The “muted” weekly closing oil price changes conceal an alter ego of high intraday volatility that markets have experienced over the past few weeks, the report noted.  Research analysts David Martin and Upadhi Kabra think the strong oil rally in early October faded over the balance of the month with oversupply remaining the dominant market the price outlook, which was confirmed by EIA monthly data that confirmed US production continues to decline.

Several headlines have provided both false signals while others have tempted market participants. When the US government agreed to sell 58 billion barrels of crude from its SPR reserve inventories during 2018 to 2025, with potential to increase the selling to 100 million barrels, this news was noise. Likewise, a crude oil swap agreement with Mexico that also made news was market noise.

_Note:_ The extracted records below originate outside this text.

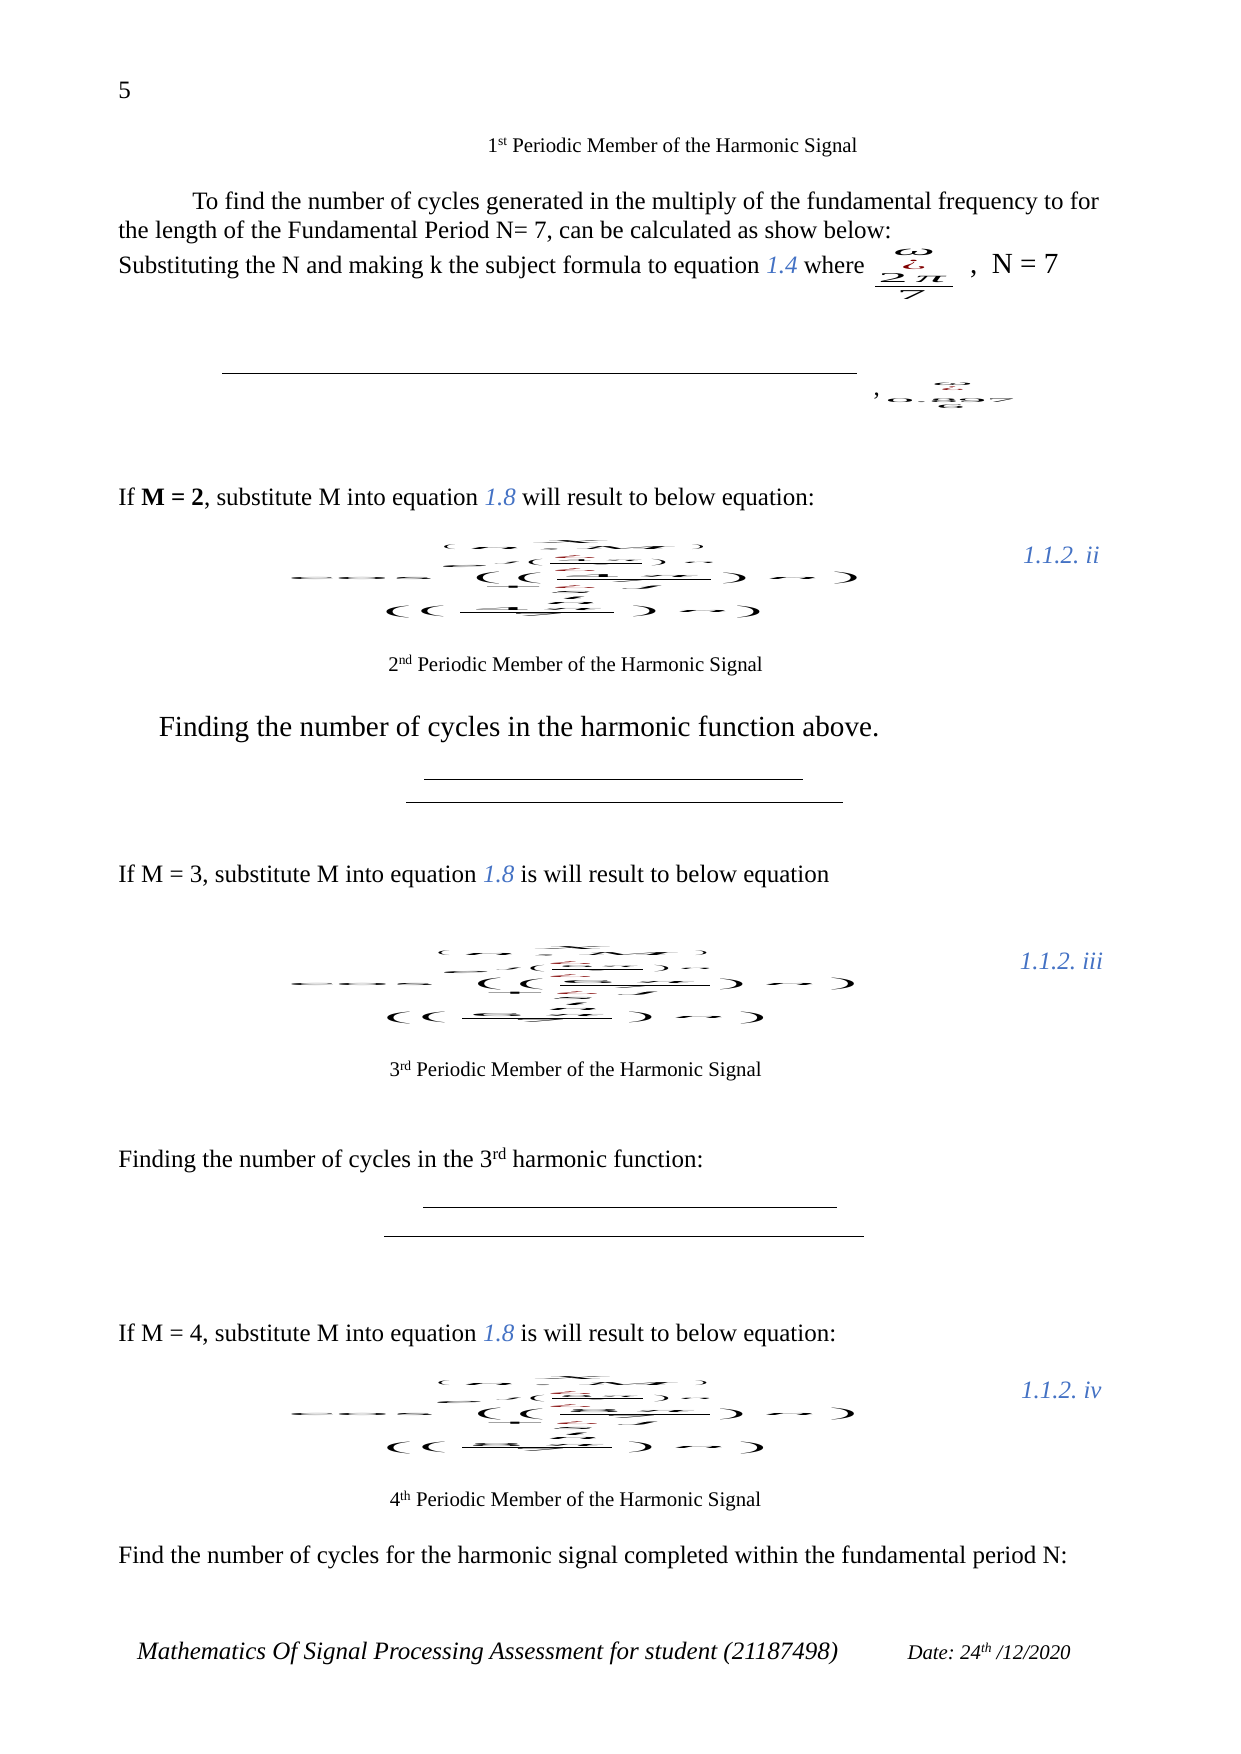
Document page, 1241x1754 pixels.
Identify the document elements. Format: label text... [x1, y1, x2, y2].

table_header [118, 1376, 147, 1540]
table_header 2nd Periodic Member of the Harmonic Signal Finding the number of cycles in the harmonic function above. [147, 540, 1003, 771]
table_header 4th Periodic Member of the Harmonic Signal [147, 1376, 1003, 1540]
text If M = 4, substitute M into equation 1.8 is will result to below equation: [118, 1318, 1122, 1347]
table_header [118, 946, 147, 1144]
table_header 3rd Periodic Member of the Harmonic Signal [147, 946, 1003, 1144]
text If M = 3, substitute M into equation 1.8 is will result to below equation [118, 859, 1122, 888]
text 1st Periodic Member of the Harmonic Signal [413, 132, 1122, 157]
text Substituting the N and making k the subject formula to equation 1.4 where , N = 7 [118, 244, 1122, 303]
text To find the number of cycles generated in the multiply of the fundamental frequency to for the length of the Fundamental Period N= 7, can be calculated as show below: [118, 186, 1122, 244]
text , [118, 365, 1122, 425]
table_header [118, 540, 147, 771]
table_header 1.1.2. iv [1004, 1376, 1121, 1540]
text Finding the number of cycles in the 3rd harmonic function: [118, 1144, 1122, 1172]
table_header 1.1.2. ii [1004, 540, 1121, 771]
table_header 1.1.2. iii [1004, 946, 1121, 1144]
text If M = 2, substitute M into equation 1.8 will result to below equation: [118, 482, 1122, 511]
text Find the number of cycles for the harmonic signal completed within the fundamental period N: [118, 1540, 1122, 1569]

JPMorgan: An oil deal might take time

There is a possibility for a deal between OPEC members that is worth considering. If it is consummated, markets would likely see the re-imposition of production targets presumably in order to lift oil prices. Likewise, the report noted the “tantalizing prospect of a broader agreement was mooted ahead of last week’s technical discussions between Russia and OPEC members.” Despite the muted response, “OPEC policy shifts of this nature would be a game-changer for our price outlook through end-2016,” the report projected.

Beyond the internal politics of OPEC, the report notes that the regional tensions in Syria that place Saudi Arabia and its Sunni allies at odds with Russia and Iran, could cause problems. Despite there being sufficient economic rationale for OPEC to reach an agreement, “political constraints may inhibit it,” the report noted.